Here you can see that while the validation accuracy is relatively high (around 88%) the validation loss is also incredibly high, though it intially goes down, eventually, it increases drastically. Moreover, even though the validation accuracy is high, the training accuracy is much higher. Additionally, while the validation loss is high the training loss is low. All of these factors together indicate that the model is very overfit.
This visualization is showing how the words in the IMDB reviews dataset relate to each other. The data has been sphereized and its dimensions reduced with PCA. As you can see there is quite a seperation/polarization between the words, with one end of the sphere representing words that all related to each other in that they all seemed to contribute to/indicate a negative review and at the other end were all of the words associated with the positive reviews. Between the two poles are words that could go either way. A lot of these words were what I would consider neutral descriptors/objective facts or connector words like “with” or “double.”

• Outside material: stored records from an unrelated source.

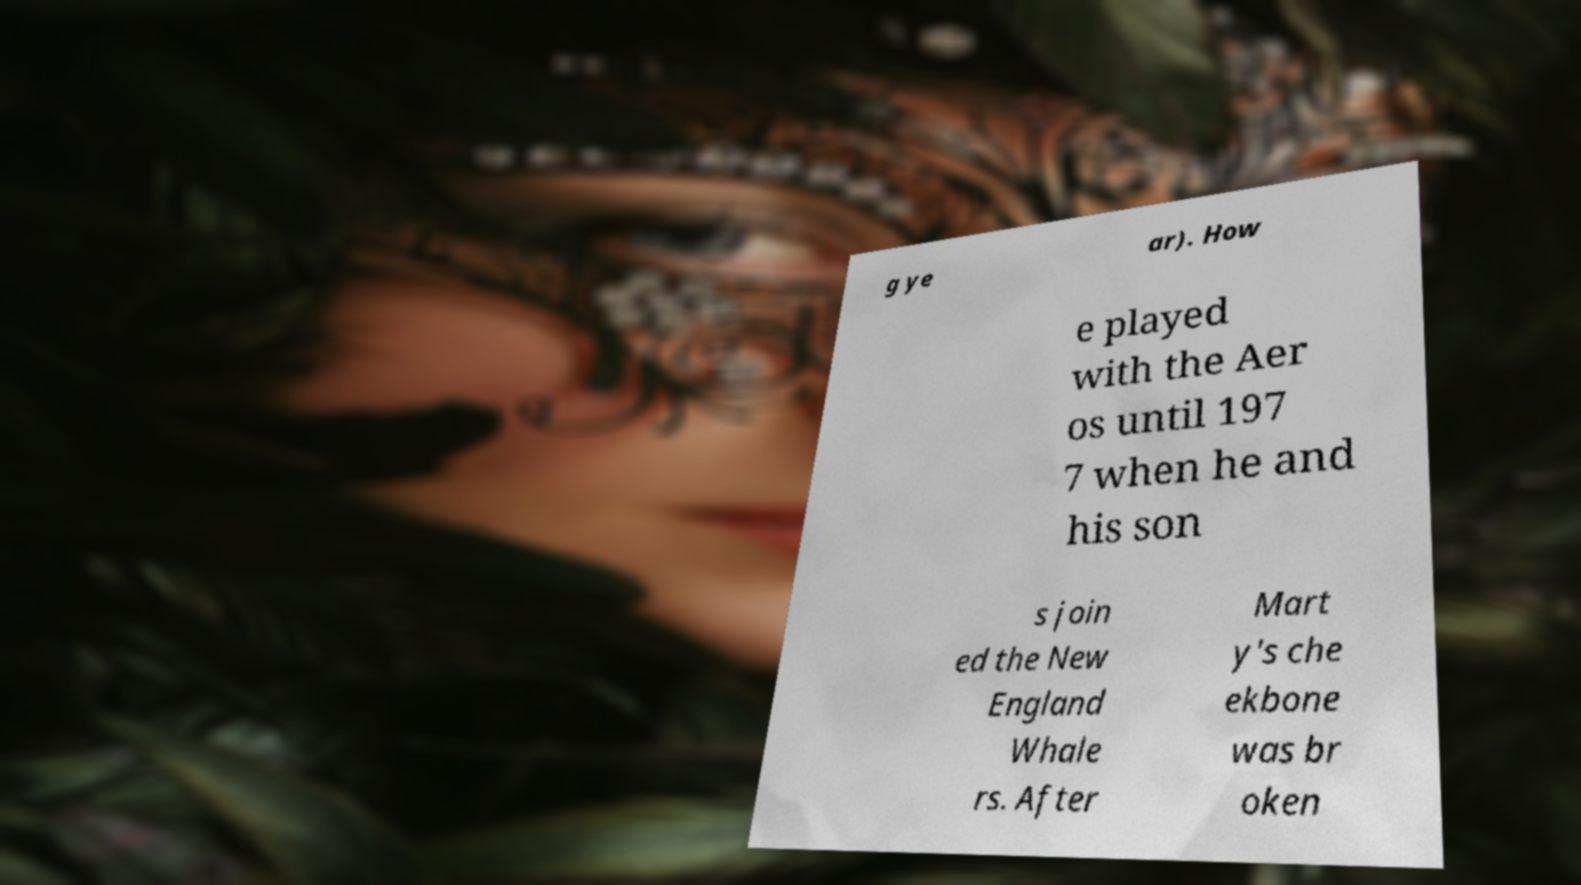Can you describe any symbolism you interpret from the juxtaposition of the visible text and the partially visible face in the background? The partial visibility of the person's face behind the document might symbolize the idea of obscured identity or half-told stories. The document itself, covering part of the face, suggests that our identity or perhaps our past actions and experiences, symbolized by the text, partly define yet also conceal who we are. It speaks to the complex interaction between a person's history and how they are perceived or choose to reveal themselves to the world. 
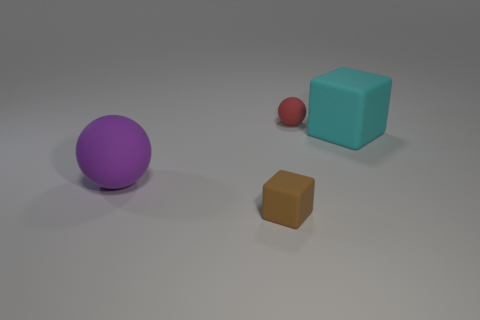Add 1 tiny purple objects. How many objects exist? 5 Add 4 big cyan objects. How many big cyan objects are left? 5 Add 4 purple objects. How many purple objects exist? 5 Subtract 0 brown spheres. How many objects are left? 4 Subtract all small red rubber objects. Subtract all large matte cubes. How many objects are left? 2 
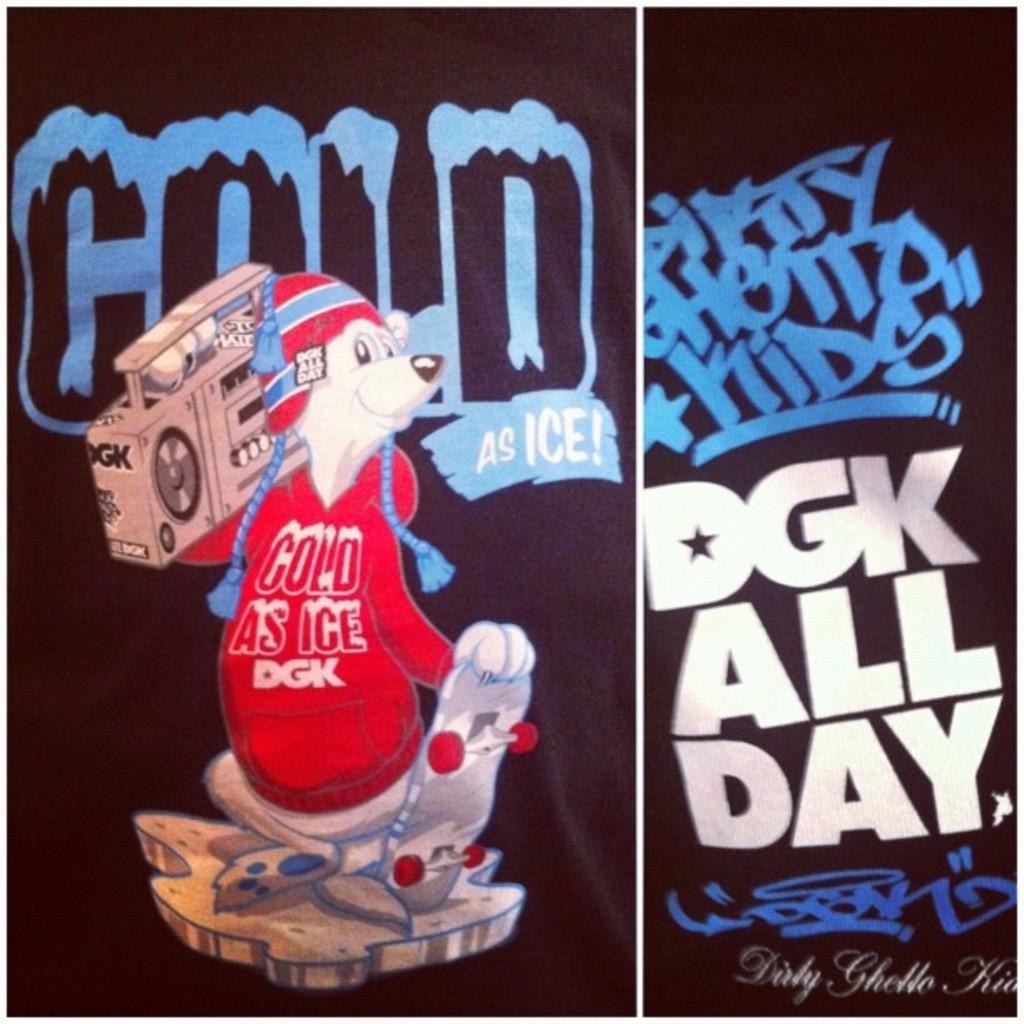Please provide a concise description of this image. In this image I can see the collage picture in which I can see the black colored cloth and on it I can see an animal wearing red colored dress is holding a skateboard and an electric device. I can see something is written on the black colored surface. 
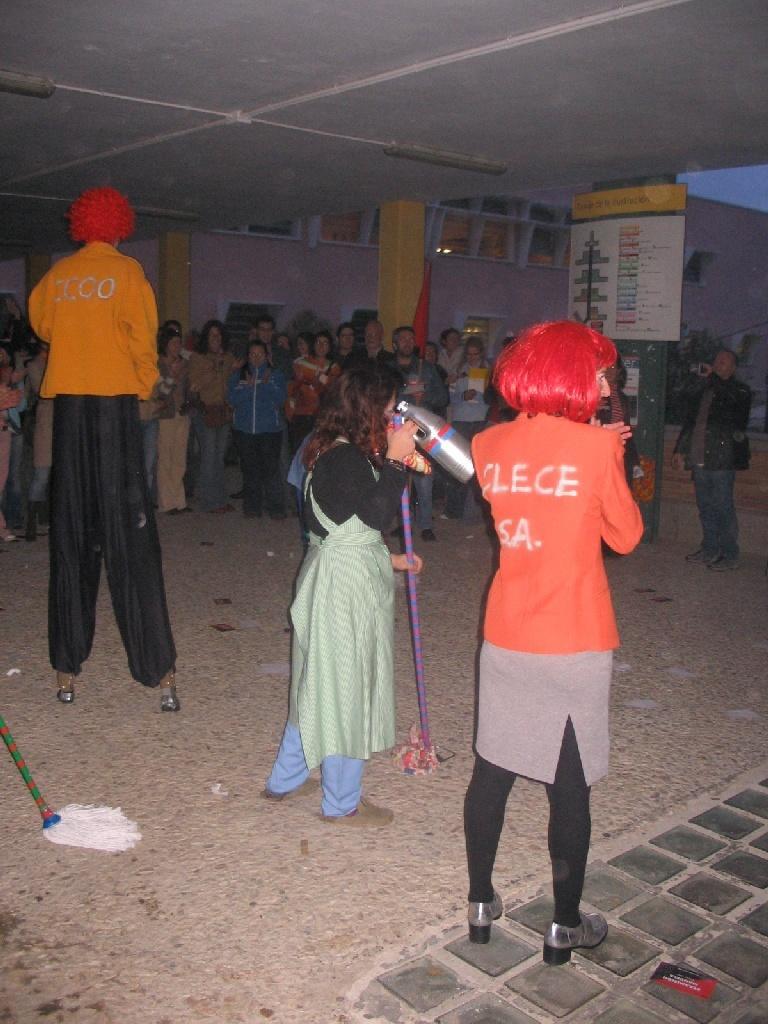How would you summarize this image in a sentence or two? There is a tall person, lady holding something and another person is standing. In the background there is a crowd. There are pillars and wall. And there is a poster in the background. 
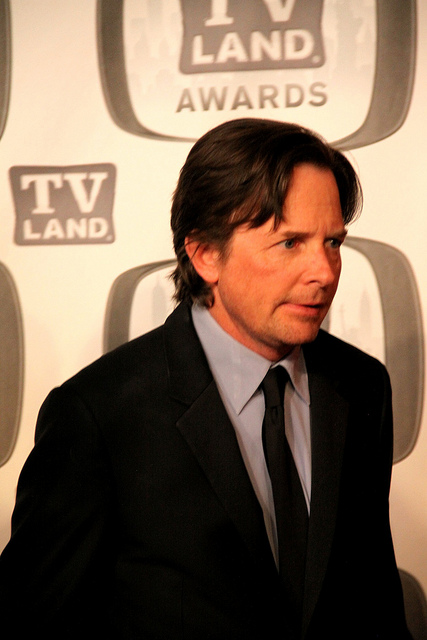Identify the text displayed in this image. TV LAND LAND. AWARDS TV 
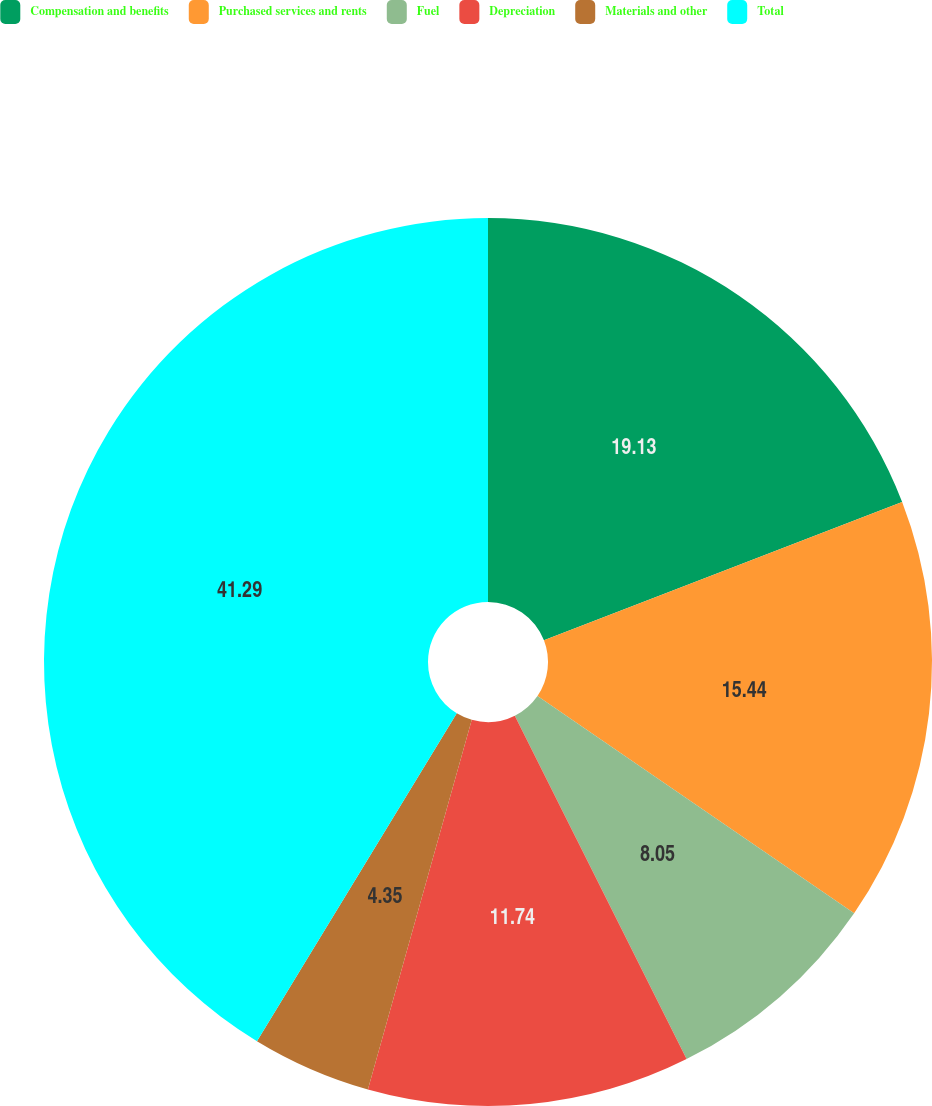Convert chart. <chart><loc_0><loc_0><loc_500><loc_500><pie_chart><fcel>Compensation and benefits<fcel>Purchased services and rents<fcel>Fuel<fcel>Depreciation<fcel>Materials and other<fcel>Total<nl><fcel>19.13%<fcel>15.44%<fcel>8.05%<fcel>11.74%<fcel>4.35%<fcel>41.29%<nl></chart> 
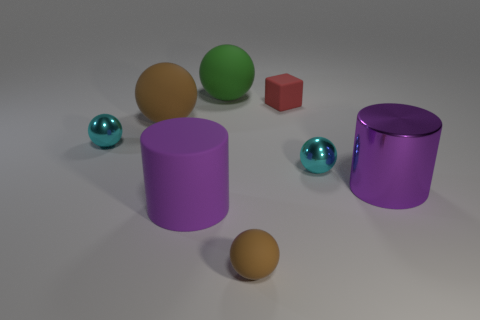Subtract 2 balls. How many balls are left? 3 Subtract all green spheres. How many spheres are left? 4 Subtract all big brown rubber spheres. How many spheres are left? 4 Add 1 large green matte objects. How many objects exist? 9 Subtract all yellow balls. Subtract all purple cubes. How many balls are left? 5 Subtract 0 yellow cylinders. How many objects are left? 8 Subtract all cylinders. How many objects are left? 6 Subtract all big cyan balls. Subtract all small red matte objects. How many objects are left? 7 Add 5 large rubber balls. How many large rubber balls are left? 7 Add 4 matte cylinders. How many matte cylinders exist? 5

before adding the LSTM layers the accuracy and loss graphs look largely the same as the graphs from the word embedding exerise. The training and validation accuracy are both relatively high, though the training data has a higher accuracy than the validation data and training loss is low while the validation loss is incredibly high indicating that the model is very overfit. As seen below, even when you add the LSTM layers there is very little change in terms of the accuracy and loss so the model remains a bit overfit.